NSS leads call for national inquiry into school admissions
Posted: Tue, 19 Mar 2019
The National Secular Society has raised concerns about the impact of faith-based discrimination and segregation as it jointly coordinated a call for an inquiry into England's school admissions system.
A coalition of 40 politicians, experts, activists and educationalists have called on the education select committee to instigate a review in an open letter to The Observer.
The NSS and Comprehensive Future, which campaigns for inclusive schooling, coordinated the letter, which criticised the "increasingly complex and fragmented school admissions system".
Its signatories included Labour MP David Lammy, Layla Moran of the Liberal Democrats and Green MP Caroline Lucas.
The letter highlights recent initiatives which will increase faith-based selection to schools. In November the government committed funds to a new wave of voluntary aided (VA) faith schools, which can select all their pupils on the basis of their parents' religion.
The NSS is strongly opposing plans to open new VA schools.
The letter says an inquiry is "long overdue" and admissions arrangements should be "transparent, just and easily understandable to all families".
Stephen Evans, the NSS's chief executive, said: "Recent policy on school admissions has entrenched religious division and privilege in the school admissions system. As a result children are increasingly segregated by their parents' faith, while families who do not want to send their children to faith schools are left unable to find suitable school places.
"And the government's approval for a wave of new 100% selective faith schools threatens to make this worse.
"An inquiry would help to address the discrimination and unfairness that faith-based admissions have caused in the education system."
The letter's other signatories included: Kevin Courtney and Mary Bousted of the National Education Union; Professor Becky Francis, the director of the UCL Institute of Education; and activists Andrew Copson of Humanists UK and Rev Stephen Terry of the Accord Coalition for Inclusive Education.
Comprehensive Future's chair Dr. Nuala Burgess said the group had "found overwhelming support for a review of school admissions" and there had been "no proper review" of the admissions system "for years".
In a separate joint letter to members of the education select committee, the NSS wrote: "We would like to see an admissions system which allows children of all backgrounds an equal chance to succeed, is easily understandable by all parents, accountable to local communities and allows both schools and local authorities to plan for future school need in some of our most stretched and segregated areas."
The letter drew attention to the NSS's recent report, The choice delusion, which outlined the ways in which faith schools restrict primary school choice for many families in England.
The report found that almost three in ten families across England live in areas where most or all of the closest primary schools are faith schools. Almost 8,000 families who missed out on their first choice of a non-faith primary school in September 2018 were assigned to faith schools.
The open letter in full:
"When Theresa May came to power in 2017, she pledged to review our increasingly complex and fragmented school admissions system.

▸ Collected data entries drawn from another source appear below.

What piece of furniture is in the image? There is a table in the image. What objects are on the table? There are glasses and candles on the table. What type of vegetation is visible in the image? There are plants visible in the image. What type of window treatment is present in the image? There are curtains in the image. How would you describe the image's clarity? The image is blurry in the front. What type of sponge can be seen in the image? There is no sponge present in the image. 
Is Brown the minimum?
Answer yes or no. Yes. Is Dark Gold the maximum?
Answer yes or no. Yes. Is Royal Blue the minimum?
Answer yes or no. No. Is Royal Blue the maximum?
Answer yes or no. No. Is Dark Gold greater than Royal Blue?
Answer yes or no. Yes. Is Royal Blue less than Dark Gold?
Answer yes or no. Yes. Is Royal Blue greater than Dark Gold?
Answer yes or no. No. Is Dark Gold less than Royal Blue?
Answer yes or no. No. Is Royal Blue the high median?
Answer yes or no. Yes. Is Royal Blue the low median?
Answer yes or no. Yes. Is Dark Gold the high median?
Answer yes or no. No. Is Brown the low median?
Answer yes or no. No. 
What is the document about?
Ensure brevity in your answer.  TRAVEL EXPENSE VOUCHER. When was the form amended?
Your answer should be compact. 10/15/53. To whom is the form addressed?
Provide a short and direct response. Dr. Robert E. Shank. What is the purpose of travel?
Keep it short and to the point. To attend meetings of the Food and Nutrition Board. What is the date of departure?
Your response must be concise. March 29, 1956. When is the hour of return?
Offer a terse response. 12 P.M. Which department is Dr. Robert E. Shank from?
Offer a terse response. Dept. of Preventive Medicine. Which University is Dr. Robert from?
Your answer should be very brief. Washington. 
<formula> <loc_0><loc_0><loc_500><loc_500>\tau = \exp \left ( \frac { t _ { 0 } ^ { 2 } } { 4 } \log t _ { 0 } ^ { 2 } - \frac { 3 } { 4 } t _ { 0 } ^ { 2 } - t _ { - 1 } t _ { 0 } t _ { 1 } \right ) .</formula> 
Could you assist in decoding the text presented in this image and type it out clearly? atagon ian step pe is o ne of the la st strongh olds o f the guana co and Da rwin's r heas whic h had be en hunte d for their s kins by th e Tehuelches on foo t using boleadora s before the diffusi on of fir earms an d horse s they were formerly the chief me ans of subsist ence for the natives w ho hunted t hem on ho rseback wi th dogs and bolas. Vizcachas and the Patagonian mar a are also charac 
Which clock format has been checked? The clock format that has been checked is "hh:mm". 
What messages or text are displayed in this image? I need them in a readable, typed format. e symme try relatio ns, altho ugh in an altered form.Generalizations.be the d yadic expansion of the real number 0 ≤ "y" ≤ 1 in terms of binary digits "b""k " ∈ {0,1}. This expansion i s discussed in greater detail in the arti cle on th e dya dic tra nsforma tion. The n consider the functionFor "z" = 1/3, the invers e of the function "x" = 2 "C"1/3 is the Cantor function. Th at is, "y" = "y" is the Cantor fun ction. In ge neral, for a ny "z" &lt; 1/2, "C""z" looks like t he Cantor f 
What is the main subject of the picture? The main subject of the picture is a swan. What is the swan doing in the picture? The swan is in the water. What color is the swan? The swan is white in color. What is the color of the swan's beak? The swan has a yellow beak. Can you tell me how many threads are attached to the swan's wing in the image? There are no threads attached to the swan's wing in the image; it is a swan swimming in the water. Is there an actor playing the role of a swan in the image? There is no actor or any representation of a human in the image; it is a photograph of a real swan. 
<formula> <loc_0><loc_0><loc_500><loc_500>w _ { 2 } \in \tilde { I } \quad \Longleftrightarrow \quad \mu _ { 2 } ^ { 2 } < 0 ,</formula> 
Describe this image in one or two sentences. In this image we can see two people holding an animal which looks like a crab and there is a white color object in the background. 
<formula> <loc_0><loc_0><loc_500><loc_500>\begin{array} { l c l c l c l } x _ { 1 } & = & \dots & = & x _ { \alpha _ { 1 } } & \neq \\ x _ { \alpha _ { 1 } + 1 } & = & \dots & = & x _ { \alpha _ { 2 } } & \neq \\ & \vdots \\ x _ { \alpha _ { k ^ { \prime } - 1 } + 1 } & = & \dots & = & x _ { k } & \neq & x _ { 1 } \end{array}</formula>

"Such an inquiry is long overdue, following significant changes to our school landscape over the last decade. Over 70% of secondary schools now act as their own admissions authority and local authorities have little say in how pupils are admitted to schools in their area. In addition, recent policy initiatives point the way to increasing numbers of pupils being selected for grammar and faith schools.
"School admissions lie at the very heart of our school system, and how fair such a system is perceived to be. Arrangements should be transparent, just, and easily understandable to all families.
"We therefore call upon the Education Select Committee, as a matter of urgency, to set up an inquiry into school admissions."